━━ Material for this task ━━

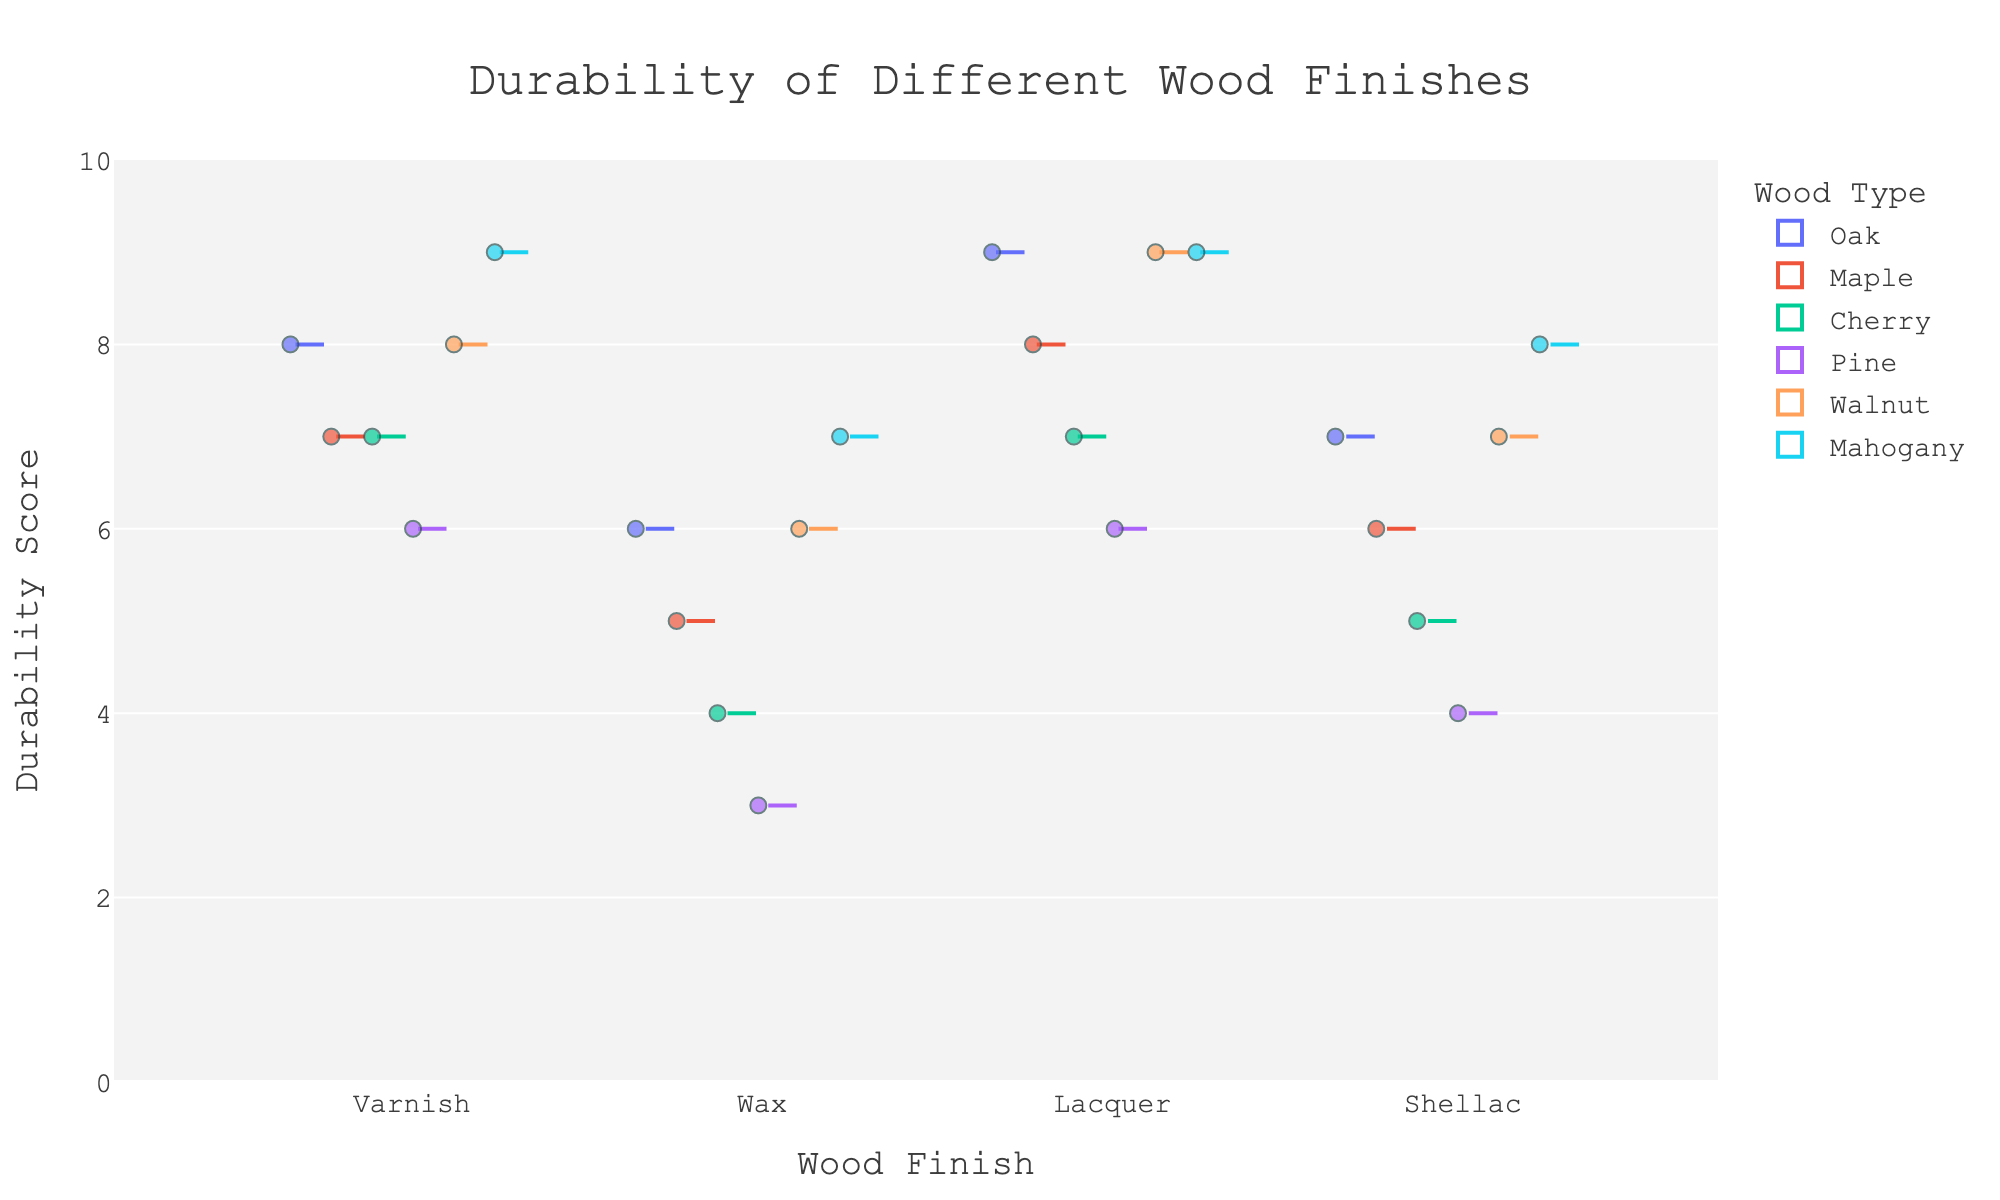What is the title of the plot? The title is usually located at the top of the plot. In this case, it reads "Durability of Different Wood Finishes" which is clearly shown.
Answer: Durability of Different Wood Finishes Which wood finish has the highest median durability? To find the median durability, look for the line inside the box that splits each box plot. The Lacquer finish consistently shows the highest median across the different wood types.
Answer: Lacquer How many wood types are represented in the plot? Each color on the plot represents a different wood type. There are six colors, each representing Oak, Maple, Cherry, Pine, Walnut, and Mahogany.
Answer: Six What is the range of durability scores for the Varnish finish on Pine? You can observe the range by checking the bottom and top of the box plot whiskers for the Varnish finish on Pine. The whiskers extend from 6 to 6, indicating no range.
Answer: 6-6 Which wood type shows the largest variation in durability for the Wax finish? Variation is shown by the length of the box and whiskers. Cherry shows the largest variation for the Wax finish as its box and whisker length are the largest.
Answer: Cherry Which wood type has the highest single durability score, and for which finish? Look for the highest point on the y-axis. Mahogany with Lacquer has the highest durability score of 9.
Answer: Mahogany with Lacquer What is the median durability for Shellac finish on Maple? The median value is the line inside the box plot. For Maple with Shellac, the median is at 6.
Answer: 6 How does the durability of Wax in Pine compare to the durability of Shellac in Cherry? Compare the medians and ranges of the two finishes. Pine with Wax has a median of 3 while Cherry with Shellac has a median of 5, so Cherry with Shellac is more durable.
Answer: Cherry with Shellac is more durable Which wood type has the lowest overall durability score for any finish, and what is the score? Look for the lowest point on the y-axis. Pine with Wax has the lowest durability score of 3.
Answer: Pine with Wax What is the interquartile range (IQR) of durability for the Varnish finish on Oak? IQR is the distance between the first quartile (Q1) and the third quartile (Q3). For Oak with Varnish, the box stretches from about 7 to 9. The IQR is 9 - 7 = 2.
Answer: 2 
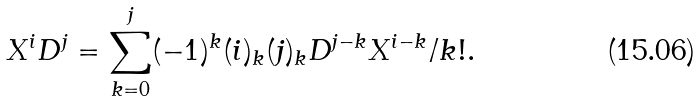Convert formula to latex. <formula><loc_0><loc_0><loc_500><loc_500>X ^ { i } D ^ { j } = \sum _ { k = 0 } ^ { j } ( - 1 ) ^ { k } ( i ) _ { k } ( j ) _ { k } D ^ { j - k } X ^ { i - k } / k ! .</formula> 
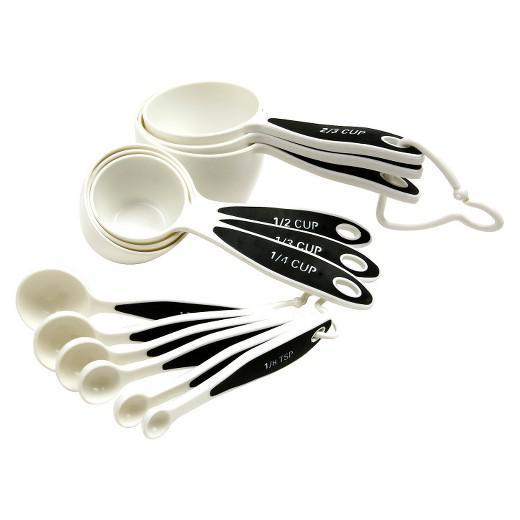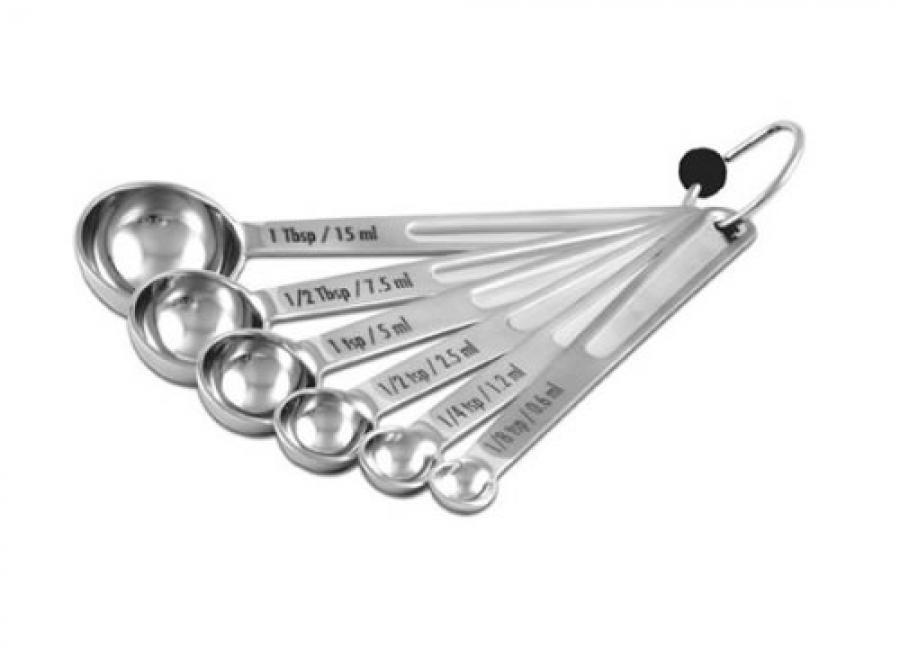The first image is the image on the left, the second image is the image on the right. For the images shown, is this caption "The right image shows only one set of measuring utensils joined together." true? Answer yes or no. Yes. 
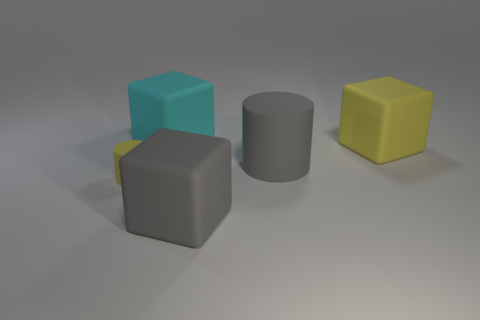There is another object that is the same shape as the tiny rubber object; what material is it?
Your answer should be compact. Rubber. There is a large matte thing that is in front of the small rubber thing; is it the same color as the small cylinder?
Offer a very short reply. No. There is another object that is the same shape as the small thing; what color is it?
Ensure brevity in your answer.  Gray. How many big things are either yellow cubes or cyan metallic cylinders?
Your answer should be compact. 1. What is the size of the matte cylinder on the left side of the large gray rubber cylinder?
Your answer should be very brief. Small. Is there a matte cube that has the same color as the tiny cylinder?
Offer a terse response. Yes. Is the color of the big rubber cylinder the same as the tiny matte object?
Provide a succinct answer. No. The large object that is the same color as the big rubber cylinder is what shape?
Give a very brief answer. Cube. What number of tiny matte objects are in front of the cylinder that is behind the tiny yellow cylinder?
Give a very brief answer. 1. What number of small objects are made of the same material as the yellow cube?
Your answer should be compact. 1.

━━━

Your reply should consist solely of the lines above, from the opening line through the line with "Answer: Mahogany with", reproduced exactly and without pictures.

▶ **Your response**
What is the title of the plot? The title is usually located at the top of the plot. In this case, it reads "Durability of Different Wood Finishes" which is clearly shown.
Answer: Durability of Different Wood Finishes Which wood finish has the highest median durability? To find the median durability, look for the line inside the box that splits each box plot. The Lacquer finish consistently shows the highest median across the different wood types.
Answer: Lacquer How many wood types are represented in the plot? Each color on the plot represents a different wood type. There are six colors, each representing Oak, Maple, Cherry, Pine, Walnut, and Mahogany.
Answer: Six What is the range of durability scores for the Varnish finish on Pine? You can observe the range by checking the bottom and top of the box plot whiskers for the Varnish finish on Pine. The whiskers extend from 6 to 6, indicating no range.
Answer: 6-6 Which wood type shows the largest variation in durability for the Wax finish? Variation is shown by the length of the box and whiskers. Cherry shows the largest variation for the Wax finish as its box and whisker length are the largest.
Answer: Cherry Which wood type has the highest single durability score, and for which finish? Look for the highest point on the y-axis. Mahogany with Lacquer has the highest durability score of 9.
Answer: Mahogany with Lacquer What is the median durability for Shellac finish on Maple? The median value is the line inside the box plot. For Maple with Shellac, the median is at 6.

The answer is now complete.